We can look into this further by observing the distribution of active power consumption for the four complete years of data.

The full instance is detailed below.

 12345678910111213141516171819202122 # yearly histogram plotsfrom pandas import read_csvfrom matplotlib import pyplot# load the new filedataset = read_csv(‘household_power_consumption.csv’, header=0, infer_datetime_format=True, parse_dates=[‘datetime’], index_col=[‘datetime’])# plot active power for each yearyears = [‘2007’, ‘2008’, ‘2009’, ‘2010’]pyplot.figure()for i in range(len(years)):# prepare subplotax = pyplot.subplot(len(years), 1, i+1)# determine the year to plotyear = years[i]# get all observations for the yearresult = dataset[str(year)]# plot the active power for the yearresult[‘Global_active_power’].hist(bins=100)# zoom in on the distributionax.set_xlim(0, 5)# add a title to the subplotpyplot.title(str(year), y=0, loc=’right’)pyplot.show()

Executing the instance develops a singular plot with four figures, one for every one of the years between 2007 to 2010.

We can observe that the distribution of active power consumption across those years appears very similar. The distribution is indeed bimodal with a single peak around 0.3KW and probably another around 1.3 KW.

There is a long tail on the distribution to higher kilowatt values. It could open the door to notions of discretizing the data and separating it into peak 1, peak 2 or long tail. These groups or clusters for utilization on a day or hour might be beneficial in generating a predictive model.

It is feasible that the identified groups might vary over the seasons of the year.

We can look into this by looking at the distribution for active power for every month in a year.

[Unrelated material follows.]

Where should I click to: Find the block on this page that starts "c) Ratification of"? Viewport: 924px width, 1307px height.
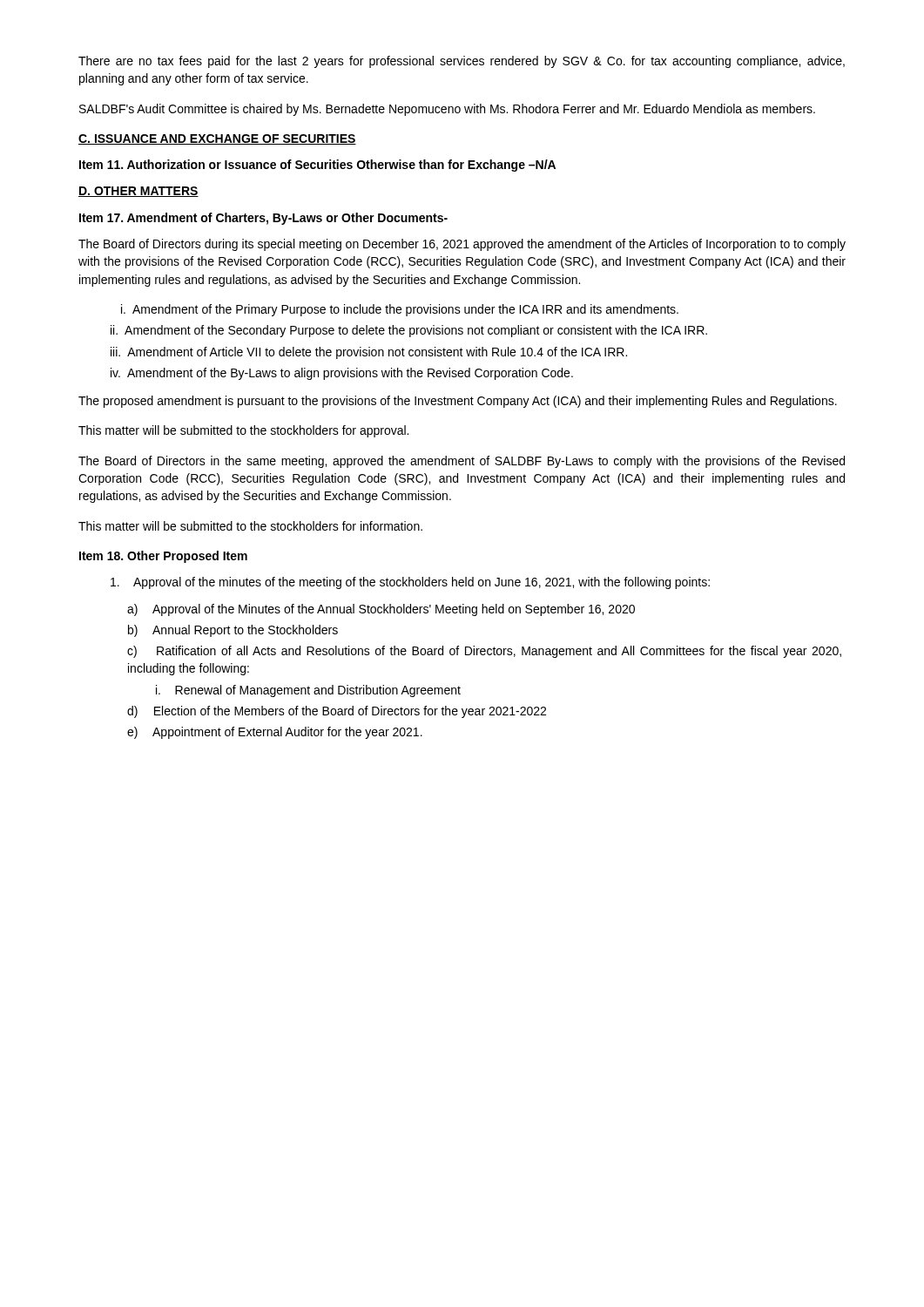coord(486,659)

The full instance is detailed below.

 12345678910111213141516171819202122 # monthly histogram plotsfrom pandas import read_csvfrom matplotlib import pyplot# load the new filedataset = read_csv(‘household_power_consumption.csv’, header=0, infer_datetime_format=True, parse_dates=[‘datetime’], index_col=[‘datetime’])# plot active power for each yearmonths = [x for x in range(1, 13)]pyplot.figure()for i in range(len(months)):# prepare subplotax = pyplot.subplot(len(months), 1, i+1)# determine the month to plotmonth = ‘2007-‘ + str(months[i])# get all observations for the monthresult = dataset[month]# plot the active power for the monthresult[‘Global_active_power’].hist(bins=100)# zoom in on the distributionax.set_xlim(0, 5)# add a title to the subplotpyplot.title(month, y=0, loc=’right’)pyplot.show()

Executing the instance develops an image with 12 plots, one for every month in 2007.

We can observe generally the same data distribution every month. The axes for the plots seem to align (provided the similar scales), and we can observe that the peaks are shifted down in the warmer northern hemisphere months and moved up for the colder months.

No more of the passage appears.